Identifying Incoherent Search Sessions: Search Click Fraud Remediation Under Real-World Constraints

  • Runze Zhang ,
  • Ranjita Pai Sridhar ,
  • Mingxuan Yao ,
  • Zheng Yang ,
  • David Oygenblik ,
  • Haichuan Xu ,
  • Vacha Dave ,
  • ,
  • Paul England ,
  • Brendan Saltaformaggio

2025 IEEE Symposium on Security and Privacy (SP) |

Published by IEEE

DOI

Search engines and advertisers continuously suffer substantial financial losses from click fraud, which poses challenges to existing detection algorithms. Even more concerning, despite ongoing advancements, our understanding of click fraud remains limited, leaving room for sophisticated fraudulent techniques to bypass existing detection measures. In this study, we pivot from examining individual search requests to analyzing search sessions, defined as sequences of consecutive search queries made by the same user. We found that benign users exhibit coherent behavior patterns within these sessions, which contrast clearly with those of fraudulent actors.

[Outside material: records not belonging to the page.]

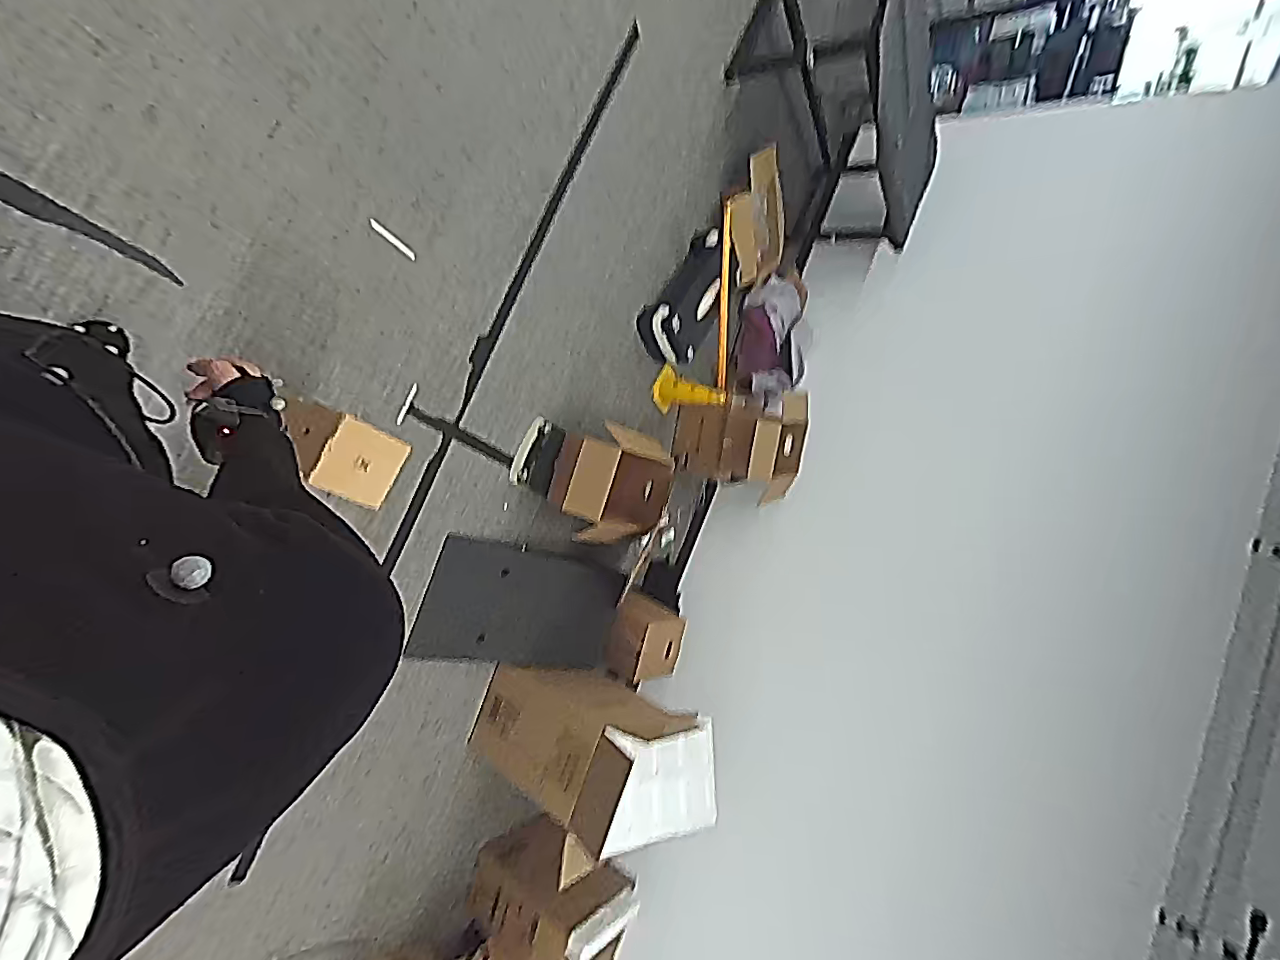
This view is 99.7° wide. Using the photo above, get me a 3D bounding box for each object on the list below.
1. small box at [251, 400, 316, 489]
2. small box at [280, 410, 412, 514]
[{"bbox_3d":[-0.808,-0.078,1.325,0.168,0.176,0.179,35,77,-54],"label":"small box"},{"bbox_3d":[-0.673,-0.045,1.239,0.179,0.176,0.168,38,74,-53],"label":"small box"}]
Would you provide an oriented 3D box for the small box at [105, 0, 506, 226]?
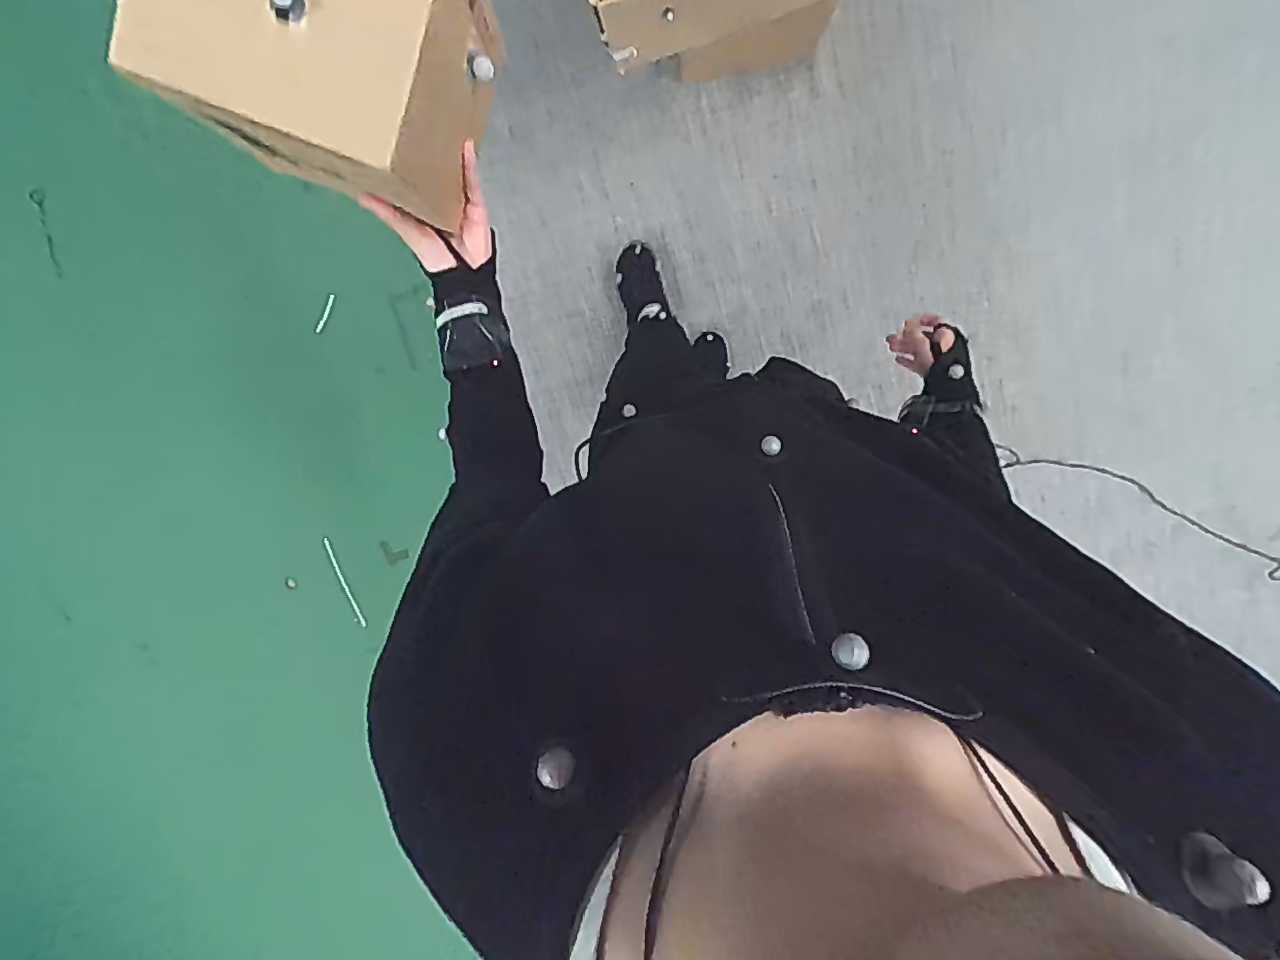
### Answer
[{"bbox_3d":[-0.220,-0.326,0.402,0.179,0.168,0.176,19,98,-7],"label":"small box"}]
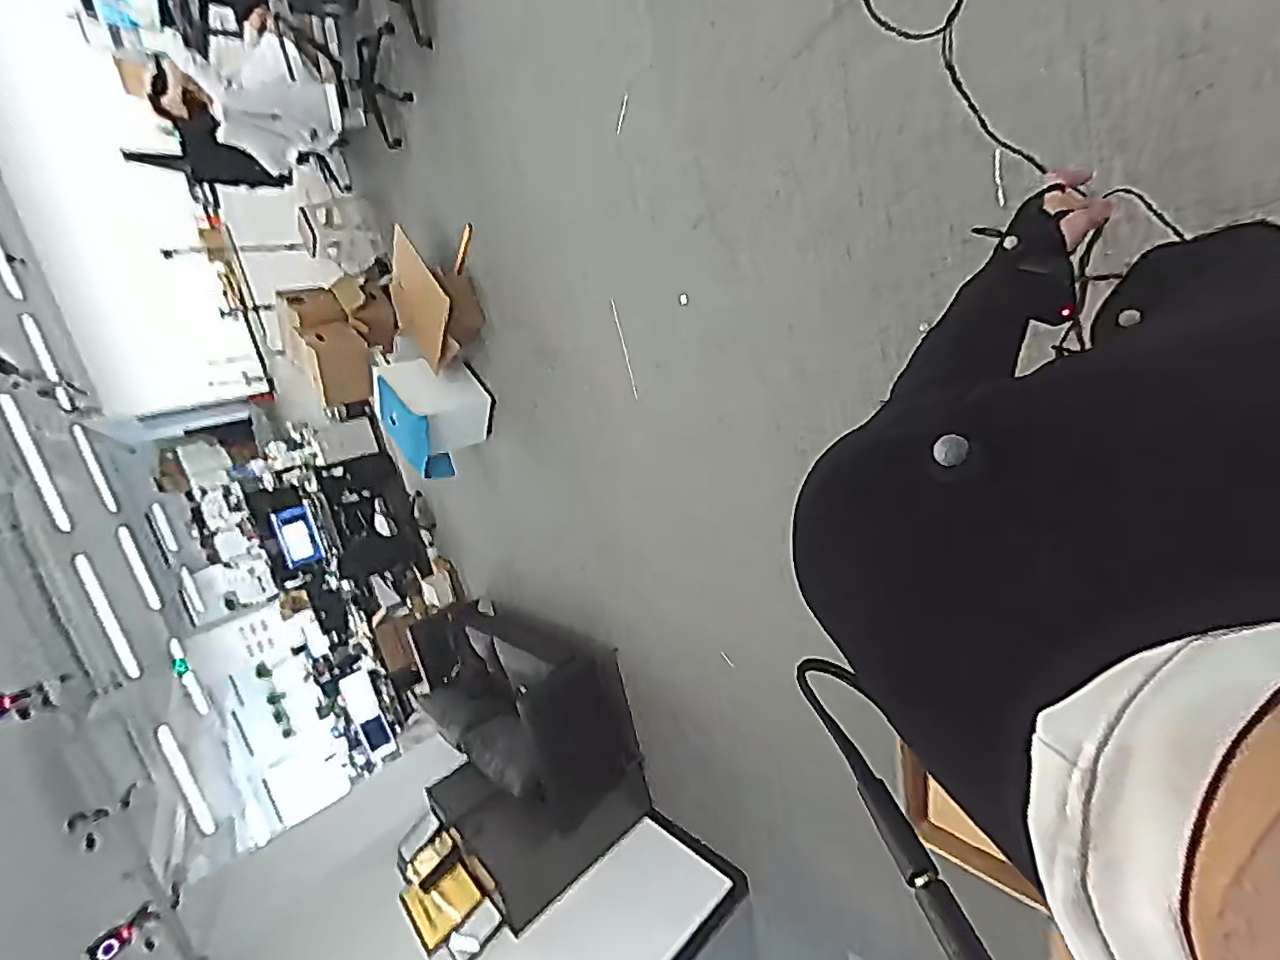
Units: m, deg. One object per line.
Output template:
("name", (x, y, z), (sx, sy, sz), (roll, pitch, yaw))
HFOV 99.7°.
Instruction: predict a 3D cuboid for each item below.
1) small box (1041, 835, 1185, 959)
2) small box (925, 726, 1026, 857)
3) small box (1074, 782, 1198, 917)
("small box", (0.853, 0.800, 0.978), (0.168, 0.176, 0.179), (10, 115, 49))
("small box", (0.797, 0.727, 1.286), (0.168, 0.176, 0.179), (8, 114, 48))
("small box", (0.978, 0.758, 1.077), (0.168, 0.176, 0.179), (11, 116, 47))
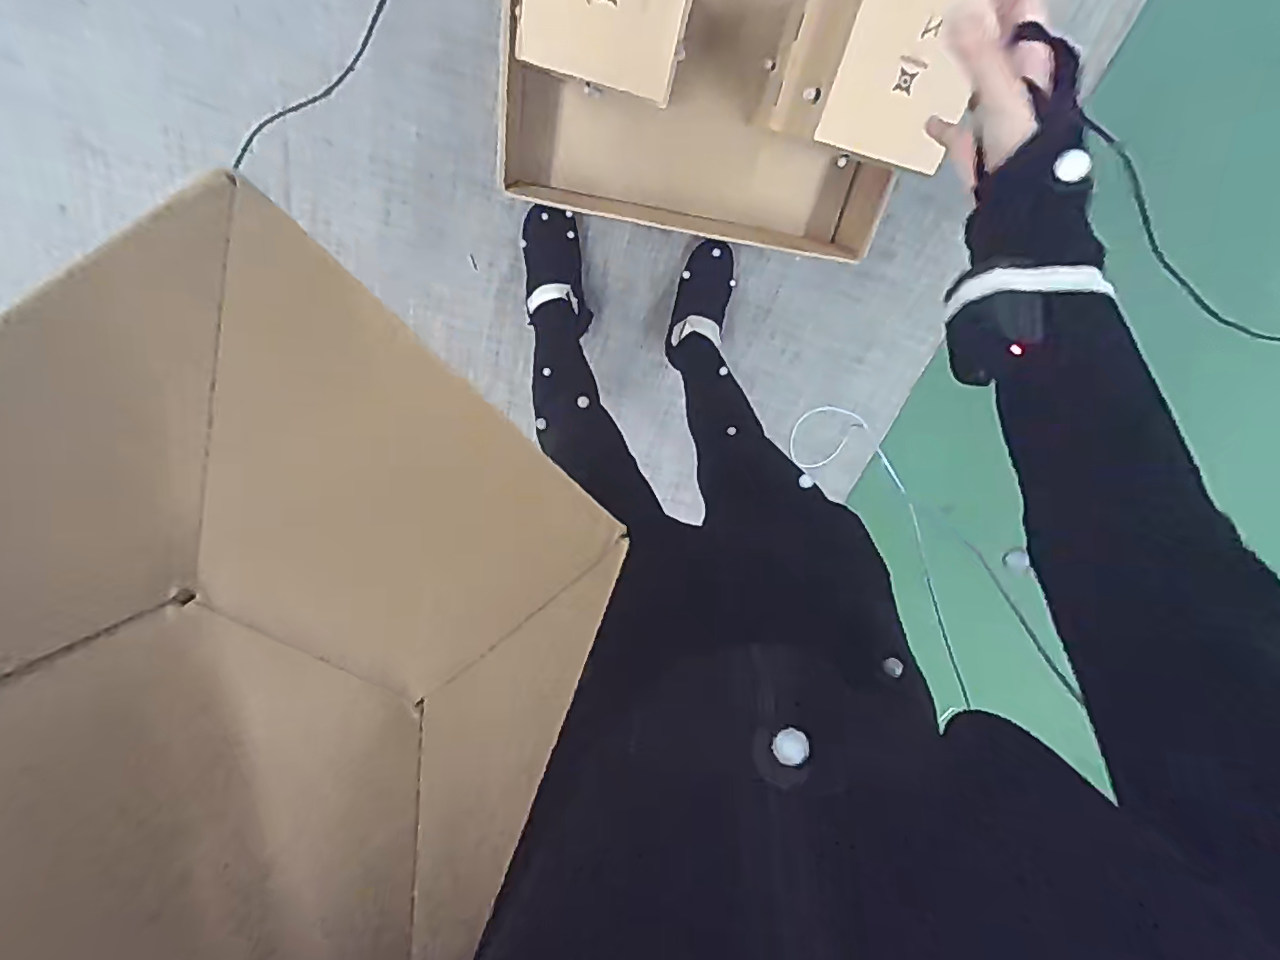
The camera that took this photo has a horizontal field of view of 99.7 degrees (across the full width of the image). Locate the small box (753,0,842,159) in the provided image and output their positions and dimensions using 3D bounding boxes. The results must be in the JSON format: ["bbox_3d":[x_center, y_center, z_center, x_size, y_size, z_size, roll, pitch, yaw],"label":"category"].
[{"bbox_3d":[0.289,-0.601,0.824,0.179,0.176,0.168,12,122,-8],"label":"small box"}]

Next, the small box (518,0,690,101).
[{"bbox_3d":[-0.034,-0.568,0.641,0.179,0.176,0.168,12,123,-10],"label":"small box"}]

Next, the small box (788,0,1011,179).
[{"bbox_3d":[0.307,-0.507,0.689,0.168,0.176,0.179,11,121,-10],"label":"small box"}]

Specifically, legitimate users tend to conduct searches focused on a single topic at a time. In contrast, fraudsters or automated bots often exhibit diverse, illogical, and incoherent search behaviors within a session. To address this behavioral distinction, we propose CoSeC, a system designed to quantify the “incoherence index” of search sessions. CoSeC integrates literal semantic, temporal, and ad-click behavioral features to evaluate sessions’ coherence quantitatively. Our evaluation of CoSeC demonstrates high efficacy, achieving a precision of 95.79% and a recall of 92.40% in identifying incoherent sessions, highlighting CoSeC’s substantial potential to enhance real-world click fraud detection.